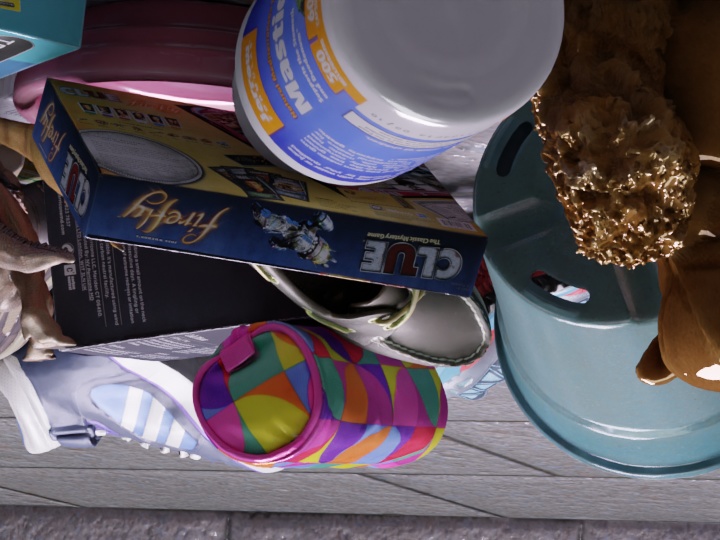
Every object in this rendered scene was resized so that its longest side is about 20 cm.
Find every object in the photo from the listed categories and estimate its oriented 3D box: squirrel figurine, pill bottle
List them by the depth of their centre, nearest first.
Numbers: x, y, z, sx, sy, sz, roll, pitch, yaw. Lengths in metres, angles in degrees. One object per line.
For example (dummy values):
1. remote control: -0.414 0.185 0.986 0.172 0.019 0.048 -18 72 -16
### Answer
1. pill bottle: 0.007 -0.100 1.318 0.112 0.112 0.200 8 168 -18
2. squirrel figurine: 0.153 -0.039 1.369 0.200 0.187 0.141 12 167 -34

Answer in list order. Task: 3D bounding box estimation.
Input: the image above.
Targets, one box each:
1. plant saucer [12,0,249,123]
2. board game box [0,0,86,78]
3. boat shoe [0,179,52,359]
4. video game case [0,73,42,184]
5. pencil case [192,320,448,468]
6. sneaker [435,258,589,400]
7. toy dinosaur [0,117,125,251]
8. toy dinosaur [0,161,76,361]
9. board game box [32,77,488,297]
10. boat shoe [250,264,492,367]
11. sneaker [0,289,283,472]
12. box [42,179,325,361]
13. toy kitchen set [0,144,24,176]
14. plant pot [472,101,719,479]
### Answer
1. plant saucer: -0.083 -0.099 1.528 0.200 0.051 0.201 6 169 1
2. board game box: -0.257 -0.137 1.416 0.200 0.047 0.151 12 167 -31
3. boat shoe: -0.237 0.000 1.817 0.073 0.075 0.200 -7 152 -38
4. video game case: -0.187 -0.081 1.749 0.200 0.022 0.182 13 166 -41
5. pencil case: -0.021 0.072 1.643 0.088 0.089 0.200 1 177 21
6. sneaker: 0.112 0.015 1.815 0.200 0.079 0.095 -32 142 23
7. toy dinosaur: -0.157 -0.063 1.509 0.200 0.061 0.106 20 169 28
8. toy dinosaur: -0.208 -0.019 1.574 0.086 0.136 0.200 -2 171 -17
9. board game box: -0.052 -0.041 1.424 0.200 0.035 0.136 9 -160 -21
10. boat shoe: -0.002 0.003 1.563 0.202 0.072 0.060 33 -174 -30
11. sneaker: -0.154 0.089 1.927 0.146 0.081 0.200 -26 132 32
12. box: -0.071 -0.008 1.725 0.182 0.104 0.200 -6 175 11
13. toy kitchen set: -0.290 0.004 1.695 0.163 0.181 0.200 7 168 -12
14. plant pot: 0.152 -0.008 1.568 0.200 0.201 0.196 2 161 15
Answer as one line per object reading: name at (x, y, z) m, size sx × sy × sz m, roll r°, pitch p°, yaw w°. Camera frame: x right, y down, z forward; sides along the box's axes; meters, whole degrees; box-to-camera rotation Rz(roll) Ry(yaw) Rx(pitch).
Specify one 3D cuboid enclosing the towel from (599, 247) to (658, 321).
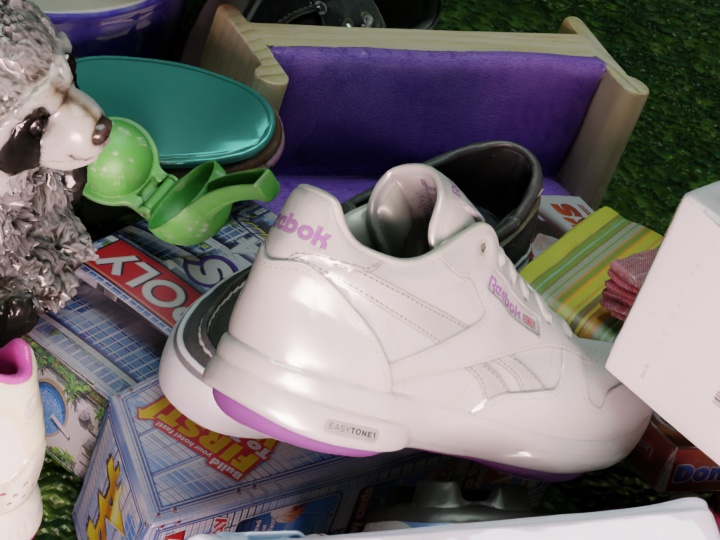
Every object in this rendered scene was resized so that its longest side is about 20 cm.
towel at (0.203, 0.047, 0.970) m, size 0.144 × 0.023 × 0.200 m, roll -16°, pitch 48°, yaw -42°

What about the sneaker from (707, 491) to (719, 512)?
sneaker at (0.180, 0.108, 1.012) m, size 0.082 × 0.077 × 0.200 m, roll -14°, pitch 38°, yaw -1°

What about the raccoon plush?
raccoon plush at (-0.182, -0.043, 0.918) m, size 0.200 × 0.134 × 0.097 m, roll -5°, pitch 44°, yaw 7°

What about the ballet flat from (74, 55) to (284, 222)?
ballet flat at (-0.132, -0.052, 1.054) m, size 0.200 × 0.071 × 0.069 m, roll 5°, pitch 49°, yaw -3°

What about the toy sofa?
toy sofa at (0.028, -0.057, 1.130) m, size 0.200 × 0.083 × 0.098 m, roll -1°, pitch 38°, yaw -30°

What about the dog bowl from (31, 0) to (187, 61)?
dog bowl at (-0.176, -0.136, 1.147) m, size 0.200 × 0.079 × 0.200 m, roll 13°, pitch 34°, yaw -9°

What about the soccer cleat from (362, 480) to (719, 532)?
soccer cleat at (0.094, 0.123, 0.924) m, size 0.200 × 0.086 × 0.070 m, roll 3°, pitch -7°, yaw -13°

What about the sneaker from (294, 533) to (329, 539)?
sneaker at (0.066, 0.160, 0.839) m, size 0.146 × 0.077 × 0.202 m, roll -14°, pitch 55°, yaw -24°

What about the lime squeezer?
lime squeezer at (-0.092, -0.043, 0.980) m, size 0.200 × 0.038 × 0.071 m, roll 28°, pitch -4°, yaw 39°

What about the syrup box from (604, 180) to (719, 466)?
syrup box at (0.188, 0.004, 0.931) m, size 0.200 × 0.079 × 0.081 m, roll -17°, pitch 49°, yaw -45°

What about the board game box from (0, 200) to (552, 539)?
board game box at (-0.055, 0.049, 0.963) m, size 0.200 × 0.062 × 0.200 m, roll 36°, pitch 36°, yaw 23°

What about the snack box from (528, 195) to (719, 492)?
snack box at (0.104, 0.026, 1.041) m, size 0.072 × 0.024 × 0.200 m, roll 1°, pitch 29°, yaw -29°

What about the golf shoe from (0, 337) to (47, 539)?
golf shoe at (-0.197, 0.029, 0.895) m, size 0.200 × 0.092 × 0.075 m, roll 21°, pitch 35°, yaw 5°

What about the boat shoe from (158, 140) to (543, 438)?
boat shoe at (0.000, 0.000, 0.953) m, size 0.069 × 0.057 × 0.200 m, roll 35°, pitch 37°, yaw 21°

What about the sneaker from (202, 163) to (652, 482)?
sneaker at (0.040, 0.019, 0.889) m, size 0.200 × 0.100 × 0.075 m, roll 9°, pitch 10°, yaw -45°

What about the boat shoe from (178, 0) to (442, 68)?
boat shoe at (-0.017, -0.115, 1.202) m, size 0.071 × 0.072 × 0.200 m, roll 25°, pitch 32°, yaw 15°

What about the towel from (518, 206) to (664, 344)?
towel at (0.155, 0.042, 0.989) m, size 0.200 × 0.018 × 0.086 m, roll 31°, pitch 37°, yaw 19°

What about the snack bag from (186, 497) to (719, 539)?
snack bag at (0.052, 0.154, 0.779) m, size 0.188 × 0.021 × 0.200 m, roll -3°, pitch 53°, yaw -13°
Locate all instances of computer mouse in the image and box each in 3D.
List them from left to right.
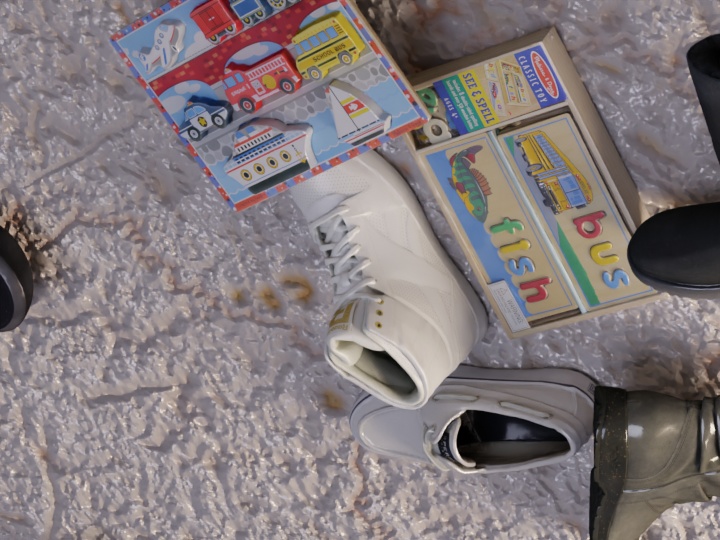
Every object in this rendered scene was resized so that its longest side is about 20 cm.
[{"bbox_3d":[-0.318,-0.014,1.917,0.199,0.053,0.139,15,129,33],"label":"computer mouse"}]

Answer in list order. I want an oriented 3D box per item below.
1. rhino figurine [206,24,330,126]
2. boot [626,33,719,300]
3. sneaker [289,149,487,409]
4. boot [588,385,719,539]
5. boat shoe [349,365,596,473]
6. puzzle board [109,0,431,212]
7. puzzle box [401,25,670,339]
[{"bbox_3d":[-0.066,-0.171,1.675,0.200,0.060,0.088,39,134,1],"label":"rhino figurine"},{"bbox_3d":[0.227,-0.063,1.543,0.164,0.066,0.200,2,146,21],"label":"boot"},{"bbox_3d":[0.000,0.000,1.717,0.074,0.116,0.200,-33,101,40],"label":"sneaker"},{"bbox_3d":[0.223,0.152,1.730,0.130,0.068,0.201,1,140,4],"label":"boot"},{"bbox_3d":[0.074,0.113,1.784,0.199,0.066,0.072,0,120,27],"label":"boat shoe"},{"bbox_3d":[-0.064,-0.126,1.655,0.199,0.017,0.151,-22,108,44],"label":"puzzle board"},{"bbox_3d":[0.115,-0.055,1.680,0.132,0.025,0.201,-17,111,34],"label":"puzzle box"}]
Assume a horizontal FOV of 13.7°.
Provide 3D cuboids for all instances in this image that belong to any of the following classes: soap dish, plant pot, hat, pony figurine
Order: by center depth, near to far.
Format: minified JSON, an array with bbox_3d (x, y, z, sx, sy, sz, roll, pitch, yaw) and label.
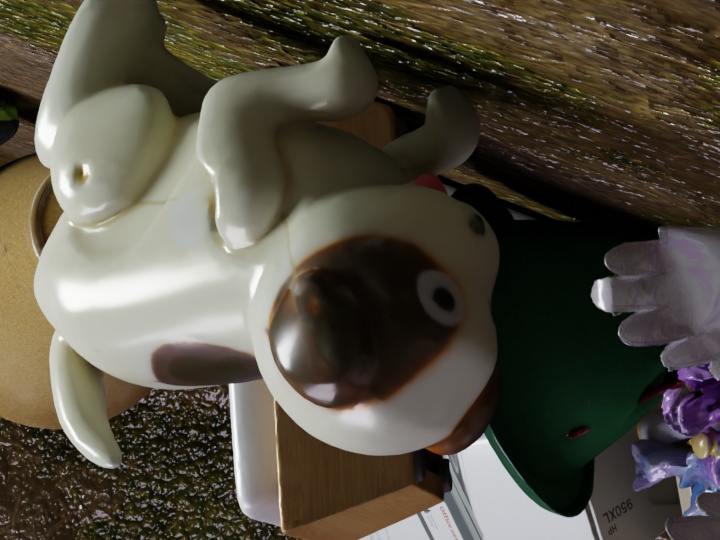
* * * * *
## DIRECTIONS FOR THIS TASK
Whichever lines of the records above hold the word "image" should all be copied out.

## TASK RESPONSE
Input: the image above.
Locate all instances of computer mouse in the image and box each in 3D.
Provide 3D cuboids for all instances in this image that belong to any of the following classes: soap dish, plant pot, hat, pony figurine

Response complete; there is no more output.